What needs to be done. Where does the word "each" show up in the records? Copy every line that holds it.

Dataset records
^^^^^^^^^^^^^^^^

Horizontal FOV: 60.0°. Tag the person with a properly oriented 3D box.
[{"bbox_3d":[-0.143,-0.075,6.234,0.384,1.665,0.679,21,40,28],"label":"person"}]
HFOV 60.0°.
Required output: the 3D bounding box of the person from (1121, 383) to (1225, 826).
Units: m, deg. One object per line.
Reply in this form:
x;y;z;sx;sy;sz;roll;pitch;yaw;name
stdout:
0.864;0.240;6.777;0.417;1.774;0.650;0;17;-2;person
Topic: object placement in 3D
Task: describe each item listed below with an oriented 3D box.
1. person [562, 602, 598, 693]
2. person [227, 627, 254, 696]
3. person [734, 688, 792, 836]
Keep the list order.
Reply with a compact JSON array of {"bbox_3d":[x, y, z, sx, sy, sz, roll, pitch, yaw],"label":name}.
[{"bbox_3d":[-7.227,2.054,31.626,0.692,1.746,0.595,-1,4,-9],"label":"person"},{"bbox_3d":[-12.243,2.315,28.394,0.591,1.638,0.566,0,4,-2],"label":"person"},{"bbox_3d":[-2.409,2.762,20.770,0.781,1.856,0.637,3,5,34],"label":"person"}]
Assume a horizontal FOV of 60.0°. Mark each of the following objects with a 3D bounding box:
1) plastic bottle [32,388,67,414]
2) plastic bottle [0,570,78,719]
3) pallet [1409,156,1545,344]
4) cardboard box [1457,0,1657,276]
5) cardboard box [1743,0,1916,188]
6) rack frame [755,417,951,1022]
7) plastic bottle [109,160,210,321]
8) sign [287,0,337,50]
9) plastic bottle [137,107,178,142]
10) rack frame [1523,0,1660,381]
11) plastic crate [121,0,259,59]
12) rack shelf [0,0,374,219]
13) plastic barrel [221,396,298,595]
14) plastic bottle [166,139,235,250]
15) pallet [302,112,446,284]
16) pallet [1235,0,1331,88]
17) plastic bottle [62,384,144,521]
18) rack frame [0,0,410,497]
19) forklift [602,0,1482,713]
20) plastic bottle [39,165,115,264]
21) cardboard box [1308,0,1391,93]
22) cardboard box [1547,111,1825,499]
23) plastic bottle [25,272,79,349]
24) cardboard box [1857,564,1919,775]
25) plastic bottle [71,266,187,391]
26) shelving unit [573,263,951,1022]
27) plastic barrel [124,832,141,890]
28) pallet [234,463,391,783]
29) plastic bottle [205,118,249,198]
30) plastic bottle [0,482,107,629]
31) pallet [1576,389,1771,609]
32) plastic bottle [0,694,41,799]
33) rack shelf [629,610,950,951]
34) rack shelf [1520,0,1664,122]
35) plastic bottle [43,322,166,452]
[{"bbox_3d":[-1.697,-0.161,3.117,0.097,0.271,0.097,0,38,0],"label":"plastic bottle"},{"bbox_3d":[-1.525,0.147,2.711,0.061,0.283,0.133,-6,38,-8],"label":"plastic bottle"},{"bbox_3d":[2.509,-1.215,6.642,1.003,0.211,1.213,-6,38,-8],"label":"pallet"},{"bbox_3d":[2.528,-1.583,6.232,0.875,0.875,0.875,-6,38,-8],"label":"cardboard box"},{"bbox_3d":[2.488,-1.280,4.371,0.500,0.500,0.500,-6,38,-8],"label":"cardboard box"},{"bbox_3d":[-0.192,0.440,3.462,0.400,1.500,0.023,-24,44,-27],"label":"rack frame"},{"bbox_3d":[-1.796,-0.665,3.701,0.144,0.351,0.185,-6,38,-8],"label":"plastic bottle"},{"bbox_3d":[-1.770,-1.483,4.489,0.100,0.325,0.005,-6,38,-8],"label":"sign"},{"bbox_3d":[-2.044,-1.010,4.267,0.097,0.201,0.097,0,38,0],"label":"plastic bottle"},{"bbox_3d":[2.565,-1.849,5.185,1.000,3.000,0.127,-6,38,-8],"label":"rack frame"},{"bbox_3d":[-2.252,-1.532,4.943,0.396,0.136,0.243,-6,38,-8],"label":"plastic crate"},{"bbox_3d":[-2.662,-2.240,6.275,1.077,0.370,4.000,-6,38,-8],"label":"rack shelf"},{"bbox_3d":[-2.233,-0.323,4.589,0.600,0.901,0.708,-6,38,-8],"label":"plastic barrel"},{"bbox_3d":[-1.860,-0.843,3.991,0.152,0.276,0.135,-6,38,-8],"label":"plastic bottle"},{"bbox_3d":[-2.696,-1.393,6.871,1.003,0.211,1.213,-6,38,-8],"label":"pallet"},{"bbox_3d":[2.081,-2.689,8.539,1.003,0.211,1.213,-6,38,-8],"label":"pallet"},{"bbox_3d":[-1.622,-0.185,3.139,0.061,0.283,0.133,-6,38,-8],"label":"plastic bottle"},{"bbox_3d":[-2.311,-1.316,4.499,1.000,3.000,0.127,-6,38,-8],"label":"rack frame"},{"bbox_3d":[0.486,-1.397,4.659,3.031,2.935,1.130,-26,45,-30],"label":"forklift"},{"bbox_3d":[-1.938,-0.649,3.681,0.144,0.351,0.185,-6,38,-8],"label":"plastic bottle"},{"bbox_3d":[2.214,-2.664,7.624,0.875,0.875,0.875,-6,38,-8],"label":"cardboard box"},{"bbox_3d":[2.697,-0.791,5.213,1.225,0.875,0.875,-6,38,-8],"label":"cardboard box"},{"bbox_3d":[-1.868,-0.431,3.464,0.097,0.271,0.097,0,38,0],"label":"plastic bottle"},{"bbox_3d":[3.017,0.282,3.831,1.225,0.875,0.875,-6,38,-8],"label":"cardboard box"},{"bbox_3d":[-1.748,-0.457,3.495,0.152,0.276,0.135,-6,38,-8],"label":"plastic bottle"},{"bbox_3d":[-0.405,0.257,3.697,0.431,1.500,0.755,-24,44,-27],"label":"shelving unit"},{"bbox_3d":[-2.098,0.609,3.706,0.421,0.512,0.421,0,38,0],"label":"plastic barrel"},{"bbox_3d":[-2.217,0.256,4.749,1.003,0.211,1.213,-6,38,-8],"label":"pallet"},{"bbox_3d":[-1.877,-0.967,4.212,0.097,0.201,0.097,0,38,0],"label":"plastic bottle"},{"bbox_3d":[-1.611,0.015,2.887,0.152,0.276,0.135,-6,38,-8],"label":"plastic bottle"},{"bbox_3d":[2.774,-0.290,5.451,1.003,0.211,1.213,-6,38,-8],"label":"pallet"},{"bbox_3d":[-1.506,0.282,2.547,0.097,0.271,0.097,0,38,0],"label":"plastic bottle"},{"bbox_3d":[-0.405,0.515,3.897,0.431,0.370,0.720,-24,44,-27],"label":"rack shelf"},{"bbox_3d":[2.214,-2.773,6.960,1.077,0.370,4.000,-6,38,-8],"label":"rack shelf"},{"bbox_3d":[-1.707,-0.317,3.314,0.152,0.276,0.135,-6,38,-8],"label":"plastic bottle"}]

^^^^^^^^^^^^^^^^

Answer to this task.
Task: describe each item listed below with an oriented 3D box.
Assume a horizontal FOV of 60.0°. Mark each of the following objects with a 3D bounding box:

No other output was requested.